Scaling telecom infrastructure in India is never just a technical exercise. Each city presents a unique mix of regulatory requirements, right-of-way constraints, power availability issues and local operational realities. What works in one market often needs adaptation in another.

The real differentiator is execution discipline. Strong local engagement, standardised processes, clear governance and transparency make a significant difference. At CloudExtel, our experience shows that speed and quality do not have to be trade-offs when processes are designed well. Successful scaling is less about building quickly and more about building correctly, so networks remain reliable and efficient long after deployment.

Looking ahead, what major shifts do you expect in telecom infrastructure over the next few years?
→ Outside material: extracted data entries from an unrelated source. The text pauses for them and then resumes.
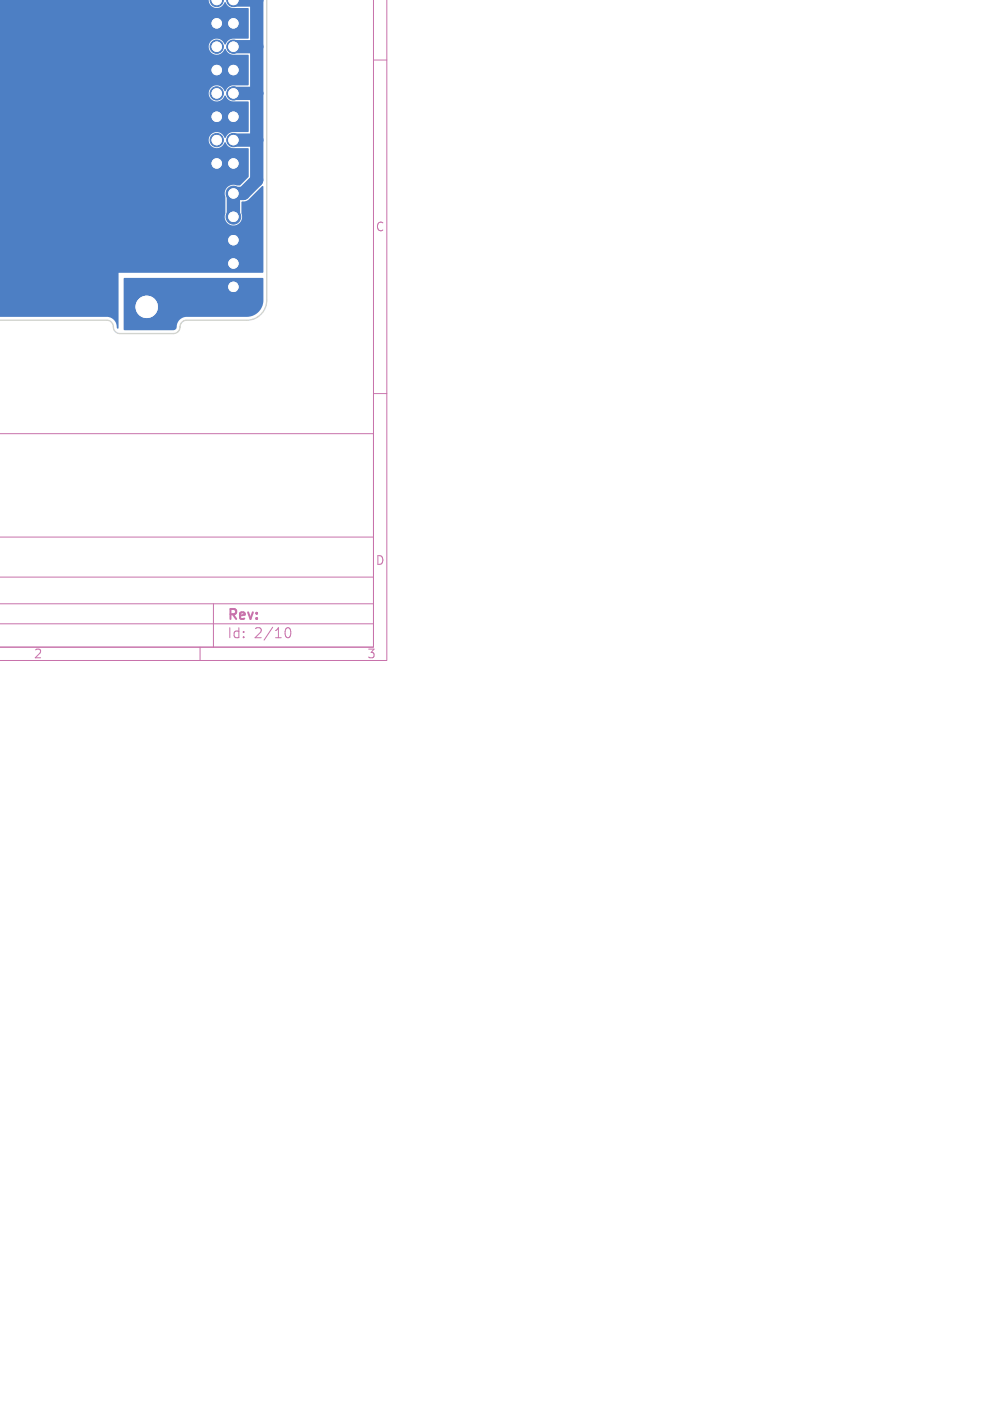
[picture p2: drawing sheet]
<svg xmlns="http://www.w3.org/2000/svg" width="148mm" height="210mm" viewBox="0 0 148 210" stroke-linecap="round" stroke-linejoin="round" font-family="sans-serif">
<defs><g id="words">
<g font-size="2.1" fill="#c872ab">
<text x="34" y="93.3">Rev:</text>
<text x="34" y="95.9">Id:</text>
<text x="38.1" y="95.9">2/10</text>
</g>
<g font-size="1.8" fill="#c872ab">
<text x="56.3" y="34.9">C</text>
<text x="56.3" y="84.9">D</text>
<text x="5" y="98.9">2</text>
<text x="55" y="98.9">3</text>
</g>
</g></defs>
<path d="M56 0v97h-56h56v-32h-56M58 0v99h-58M56 9h2M56 59h2M0 93.5h56M0 90.5h56M0 86.5h56M0 80.5h56M30 97v2M32 90.5v6.5M42.7 94.7a.55 .55 0 0 1 .4-.6h.1a.94 .94 0 0 1 0 1.5h-.1a.55 .55 0 0 1-.4-.6" fill="none" stroke="#c872ab" stroke-width=".15"/>
<g fill="#4d7fc4" stroke="#4d7fc4" stroke-width=".15">
<path d="M31.5 0l1.9-.1a.96 .96 0 0 1-.9 1.1 .96 .96 0 0 1-1-1z"/>
<path d="M34 0l1.9-.1a.96 .96 0 0 1-.9 1.1 .96 .96 0 0 1-1-1z"/>
<circle cx="32.5" cy="24.5" r="1"/>
<circle cx="32.5" cy="21" r="1"/>
<circle cx="32.5" cy="17.5" r="1"/>
<circle cx="32.5" cy="14" r="1"/>
<circle cx="32.5" cy="10.5" r="1"/>
<circle cx="32.5" cy="7" r="1"/>
<circle cx="32.5" cy="3.5" r="1"/>
<circle cx="35" cy="24.5" r="1"/>
<circle cx="35" cy="21" r="1"/>
<circle cx="35" cy="17.5" r="1"/>
<circle cx="35" cy="14" r="1"/>
<circle cx="35" cy="10.5" r="1"/>
<circle cx="35" cy="7" r="1"/>
<circle cx="35" cy="3.5" r="1"/>
<circle cx="22" cy="46" r="3.2"/>
<circle cx="35" cy="43" r="1.1"/>
<circle cx="35" cy="39.5" r="1.1"/>
<circle cx="35" cy="36" r="1.1"/>
<circle cx="35" cy="32.5" r="1.1"/>
<circle cx="35" cy="29" r="1.1"/>
</g>
<path d="M38.5 -.1v27.1l-2 2h-1.5v3.5M35 0h3.5M35 7h3.5M35 14h3.5M35 21h3.5" fill="none" stroke="#4d7fc4" stroke-width="2"/>
<g fill="#4d7fc4">
<path d="M18.6 41.7h20.8l.1 .1v3.2a2.5 2.5 0 0 1-2.5 2.5h-9.1a1.68 1.68 0 0 0-1.5 1.7l-.4 .3h-7.4z"/>
<path d="M-.1 -.1v4.2v-4.2h39.6h-8.2a1.24 1.24 0 0 0 1.1 1.3 1.24 1.24 0 0 0 1.3-.9l.2 .2a1.2 1.2 0 0 0 1 .7l2.4 .1v4.4l-.1 .1h-2.5a1.57 1.57 0 0 0-.9 .9l-.2-.1a1.21 1.21 0 0 0-1.8-.5 1.21 1.21 0 0 0 0 1.9 1.21 1.21 0 0 0 1.9-.7l.2 .1a1.2 1.2 0 0 0 1 .8l2.4 .1v4.4l-.1 .1h-2.5a1.57 1.57 0 0 0-.9 .9l-.2-.1a1.21 1.21 0 0 0-1.8-.5 1.21 1.21 0 0 0 0 1.9 1.21 1.21 0 0 0 1.9-.7l.2 .1a1.2 1.2 0 0 0 1 .8l2.4 .1v4.4l-.1 .1h-2.5a1.57 1.57 0 0 0-.9 .9l-.2-.1a1.21 1.21 0 0 0-1.8-.5 1.21 1.21 0 0 0 0 1.9 1.21 1.21 0 0 0 1.9-.7l.2 .1a1.2 1.2 0 0 0 1 .8h2.3l.1 .1v4.2l-1.3 1.3h-.5a1.31 1.31 0 0 0-1.4 .3 1.31 1.31 0 0 0-.3 1.4v2.5a1.31 1.31 0 0 0 1.2 1.8 1.31 1.31 0 0 0 1.2-1.8v-1.7l.9-.3 2.2-2.1h.2v12.9l-21.7 .1v8.2l-.1 .2-.1-.1a1.66 1.66 0 0 0-1.5-1.7h-16.2v2z"/>
<path d="M-.1 -.1v3.9z"/>
</g>
<g fill="#fff" stroke="#fff" stroke-width=".15">
<path d="M31.8 0l1.3-.1a.68 .68 0 0 1-.6 .8 .68 .68 0 0 1-.7-.7z"/>
<path d="M34.3 0l1.3-.1a.68 .68 0 0 1-.6 .8 .68 .68 0 0 1-.7-.7z"/>
<circle cx="32.5" cy="24.5" r=".7"/>
<circle cx="32.5" cy="21" r=".7"/>
<circle cx="32.5" cy="17.5" r=".7"/>
<circle cx="32.5" cy="14" r=".7"/>
<circle cx="32.5" cy="10.5" r=".7"/>
<circle cx="32.5" cy="7" r=".7"/>
<circle cx="32.5" cy="3.5" r=".7"/>
<circle cx="35" cy="24.5" r=".7"/>
<circle cx="35" cy="21" r=".7"/>
<circle cx="35" cy="17.5" r=".7"/>
<circle cx="35" cy="14" r=".7"/>
<circle cx="35" cy="10.5" r=".7"/>
<circle cx="35" cy="7" r=".7"/>
<circle cx="35" cy="3.5" r=".7"/>
<circle cx="22" cy="46" r="1.6"/>
<circle cx="35" cy="43" r=".7"/>
<circle cx="35" cy="39.5" r=".7"/>
<circle cx="35" cy="36" r=".7"/>
<circle cx="35" cy="32.5" r=".7"/>
<circle cx="35" cy="29" r=".7"/>
</g>
<path d="M40 0v45a3 3 0 0 1-3 3h-9a1.16 1.16 0 0 0-1.1 1.3l-.3 .5-.5 .2h-8.1a1.16 1.16 0 0 1-1.1-1.3l-.3-.5-.6-.2h-16.1" fill="none" stroke="#d0d2cd" stroke-width=".2"/>
<g fill="#d0d2cd" stroke="#d0d2cd" stroke-width=".15">
<path d="M31.8 0l1.3-.1a.68 .68 0 0 1-.6 .8 .68 .68 0 0 1-.7-.7z"/>
<path d="M34.3 0l1.3-.1a.68 .68 0 0 1-.6 .8 .68 .68 0 0 1-.7-.7z"/>
<circle cx="32.5" cy="24.5" r=".7"/>
<circle cx="32.5" cy="21" r=".7"/>
<circle cx="32.5" cy="17.5" r=".7"/>
<circle cx="32.5" cy="14" r=".7"/>
<circle cx="32.5" cy="10.5" r=".7"/>
<circle cx="32.5" cy="7" r=".7"/>
<circle cx="32.5" cy="3.5" r=".7"/>
<circle cx="35" cy="24.5" r=".7"/>
<circle cx="35" cy="21" r=".7"/>
<circle cx="35" cy="17.5" r=".7"/>
<circle cx="35" cy="14" r=".7"/>
<circle cx="35" cy="10.5" r=".7"/>
<circle cx="35" cy="7" r=".7"/>
<circle cx="35" cy="3.5" r=".7"/>
<circle cx="22" cy="46" r="1.6"/>
<circle cx="35" cy="43" r=".7"/>
<circle cx="35" cy="39.5" r=".7"/>
<circle cx="35" cy="36" r=".7"/>
<circle cx="35" cy="32.5" r=".7"/>
<circle cx="35" cy="29" r=".7"/>
</g>
<use href="#words"/>
</svg>
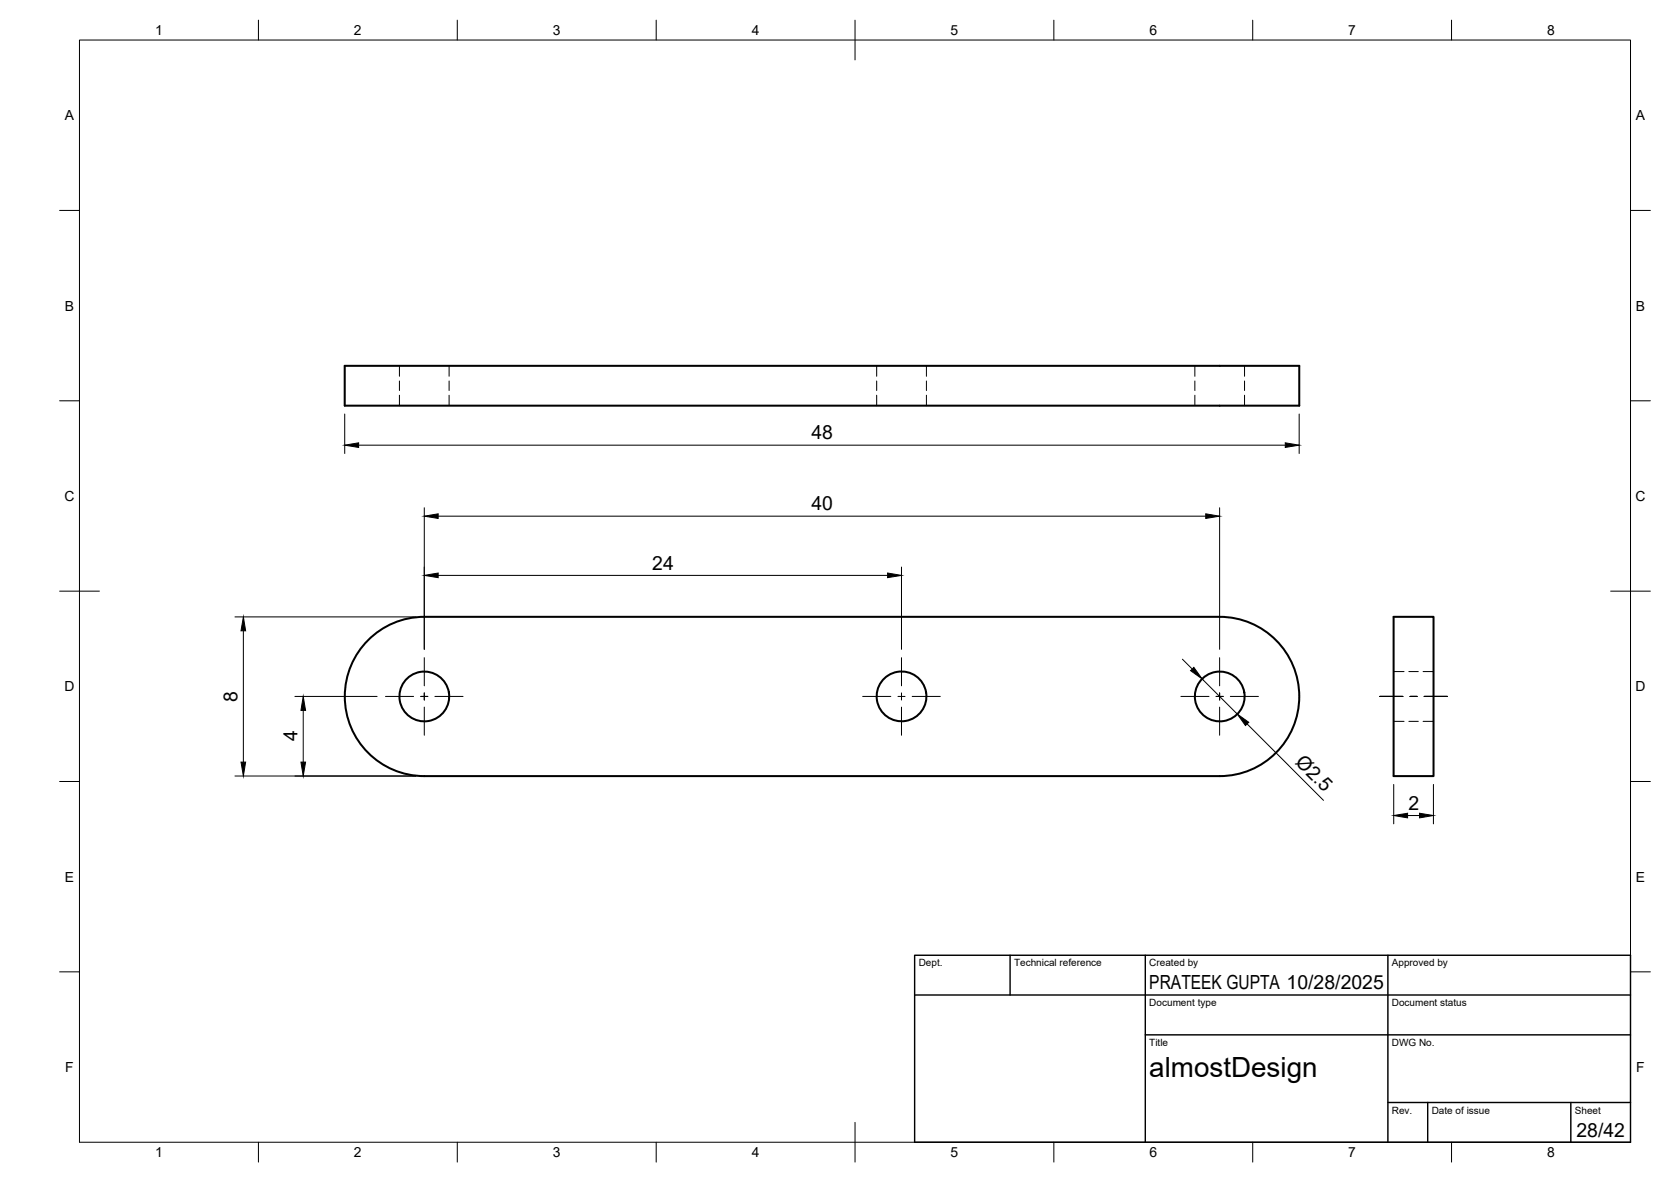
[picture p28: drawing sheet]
<svg xmlns="http://www.w3.org/2000/svg" width="420mm" height="297mm" viewBox="0 0 420 297" stroke-linecap="round" stroke-linejoin="round" font-family="sans-serif">
<defs><g id="words">
<text font-size="7" x="289" y="270.6">almostDesign</text>
<g font-size="4.9">
<text x="204" y="110.4">48</text>
<text x="204" y="128.3">40</text>
<text x="164" y="143.2">24</text>
<text x="59.7" y="176.4" transform="rotate(-90 59.7 176.4)">8</text>
<text x="74.8" y="186.3" transform="rotate(-90 74.8 186.3)">4</text>
<text x="325.5" y="191.7" transform="rotate(45 325.5 191.7)">Ø2.5</text>
<text x="354.1" y="203.5">2</text>
<text x="289" y="248.5">PRATEEK GUPTA 10/28/2025</text>
<text x="396.4" y="285.7">28/42</text>
</g>
<g font-size="3.5">
<text x="39" y="8.8">1</text>
<text x="89" y="8.8">2</text>
<text x="139" y="8.8">3</text>
<text x="189" y="8.8">4</text>
<text x="239" y="8.8">5</text>
<text x="289" y="8.8">6</text>
<text x="339" y="8.8">7</text>
<text x="389" y="8.8">8</text>
<text x="16.3" y="30.2">A</text>
<text x="411.3" y="30.2">A</text>
<text x="16.3" y="78">B</text>
<text x="411.3" y="78">B</text>
<text x="16.2" y="125.9">C</text>
<text x="411.2" y="125.9">C</text>
<text x="16.2" y="173.7">D</text>
<text x="411.2" y="173.7">D</text>
<text x="16.3" y="221.6">E</text>
<text x="411.3" y="221.6">E</text>
<text x="16.4" y="269.4">F</text>
<text x="411.4" y="269.4">F</text>
<text x="39" y="290.8">1</text>
<text x="89" y="290.8">2</text>
<text x="139" y="290.8">3</text>
<text x="189" y="290.8">4</text>
<text x="239" y="290.8">5</text>
<text x="289" y="290.8">6</text>
<text x="339" y="290.8">7</text>
<text x="389" y="290.8">8</text>
</g>
<g font-size="2.5">
<text x="231" y="242.9">Dept.</text>
<text x="255" y="242.9">Technical reference</text>
<text x="289" y="242.9">Created by</text>
<text x="350" y="242.9">Approved by</text>
<text x="289" y="252.8">Document type</text>
<text x="350" y="252.8">Document status</text>
<text x="289" y="262.9">Title</text>
<text x="350" y="262.9">DWG No.</text>
<text x="350" y="279.9">Rev.</text>
<text x="360" y="279.9">Date of issue</text>
<text x="396" y="279.9">Sheet</text>
</g>
</g></defs>
<!-- layer: Visible -->
<g fill="none" stroke="#000" stroke-width=".51">
<path d="M86.7 91.9h240v10h-240zM350.4 155h10v40h-10zM92.6 160.9a19.9 19.9 0 0 1 14.1-5.9h200a20 20 0 0 1 20 20 20 20 0 0 1-20 20h-200a20 20 0 0 1-18.5-12.3 20 20 0 0 1 4.4-21.8z"/>
<circle cx="106.7" cy="175" r="6.3"/>
<circle cx="226.7" cy="175" r="6.3"/>
<circle cx="306.7" cy="175" r="6.3"/>
</g>
<!-- layer: Hidden -->
<g fill="none" stroke="#000" stroke-width=".25">
<path d="M100.4 91.9v2.7M100.4 95.7v2.4M100.4 99.3v2.6M112.9 91.9v2.7M112.9 95.7v2.4M112.9 99.3v2.6M220.4 91.9v2.7M220.4 95.7v2.4M220.4 99.3v2.6M232.9 91.9v2.7M232.9 95.7v2.4M232.9 99.3v2.6"/>
<path d="M300.4 91.9v2.7M300.4 95.7v2.4M300.4 99.3v2.6M312.9 91.9v2.7M312.9 95.7v2.4M312.9 99.3v2.6M350.4 168.8h2.6M354.2 168.8h2.4M357.8 168.8h2.6M350.4 181.3h2.6M354.2 181.3h2.4M357.8 181.3h2.6"/>
</g>
<!-- layer: BORDER -->
<g fill="none" stroke="#000" stroke-width=".25">
<path d="M20 10.1h390v276.9h-390zM65 5.1v5M115 5.1v5M165 5.1v5M215 5.1v10M265 5.1v5M315 5.1v5M365 5.1v5M15 52.9h5M410 52.9h5M15 100.7h5M410 100.7h5"/>
<path d="M15 148.6h10M405 148.6h10M15 196.4h5M410 196.4h5M15 244.2h5M410 244.2h5M65 287v5M115 287v5M165 287v5M215 282.1v9.9M265 287v5M315 287v5"/>
<path d="M365 287v5"/>
</g>
<!-- layer: TITLEBLOCK -->
<path d="M230 240.1h180v46.9h-180zM230 250h180M254 240.1v9.9M288 240.1v46.9M349 240.1v46.9M288 260.1h122M349 277.1h61M359 277.1v9.9M395 277.1v9.9" fill="none" stroke="#000" stroke-width=".36"/>
<!-- layer: Smart Centers -->
<g fill="none" stroke="#000" stroke-width=".25">
<path d="M96.9 175h7.1M105.8 175h1.8M106.7 165.3v7M106.7 174.1v1.8M106.7 177.7v7.1M109.3 175h7.1M216.9 175h7.1M225.8 175h1.8M226.7 165.3v7M226.7 174.1v1.8M226.7 177.7v7.1M229.4 175h7"/>
<path d="M296.9 175h7.1M305.8 175h1.8M306.7 165.3v7M306.7 174.1v1.8M306.7 177.7v7.1M309.4 175h7M346.9 175h5.8M354.5 175h1.8M358.1 175h5.8"/>
</g>
<!-- layer: FD_Dimensions -->
<g fill="none" stroke="#000" stroke-width=".25">
<path d="M86.7 104v10M90.2 111.9h233M326.7 104v10M106.7 127.6v35.6M110.2 129.7h193M306.7 127.6v35.6M59.1 155h45.5M61.2 158.5v33M110.2 144.6h113M226.7 142.5v20.7M74.1 175h20.7M76.2 178.5v13"/>
<path d="M297.3 165.7l2.5 2.4M302.3 170.6l8.8 8.8M59.1 195h45.5M313.6 181.9l19.2 19.2M350.4 197.1v9.9M360.4 197.1v9.9M353.9 204.9h3"/>
</g>
<g fill="#000" stroke="#000" stroke-width=".25">
<path d="M86.7 111.9l3.5-.6v1.1zM323.2 111.3l3.5 .6-3.5 .5zM106.7 129.7l3.5-.6v1.2zM303.2 129.1l3.5 .6-3.5 .6zM61.2 155l.6 3.5h-1.2zM106.7 144.6l3.5-.6v1.2zM223.2 144l3.5 .6-3.5 .6zM76.2 175l.6 3.5h-1.1zM300.2 167.7l2.1 2.9-2.9-2.1zM60.6 191.5h1.2l-.6 3.5zM75.7 191.5h1.1l-.6 3.5zM311.1 179.4l2.9 2.1-.8 .8z"/>
<path d="M350.4 204.9l3.5-.5v1.1zM356.9 204.4l3.5 .5-3.5 .6z"/>
</g>
<use href="#words"/>
</svg>

The coming years will see telecom infrastructure become more shared and software-driven. Small cells will move into the mainstream, edge data centres will come closer to demand centres, and AI will play a growing role in managing network performance and energy efficiency. Further, sustainability will also shift from intent to measurable outcomes, with customers expecting tangible outcomes rather than broad commitments.

CloudExtel’s strategy is aligned with this direction through deep fibre deployment, neutral host models, integrated wireless and wireline capabilities, and a strong focus on long-term operational excellence. Infrastructure will no longer sit quietly in the background but will be recognised as the foundation on which India’s digital economy is built.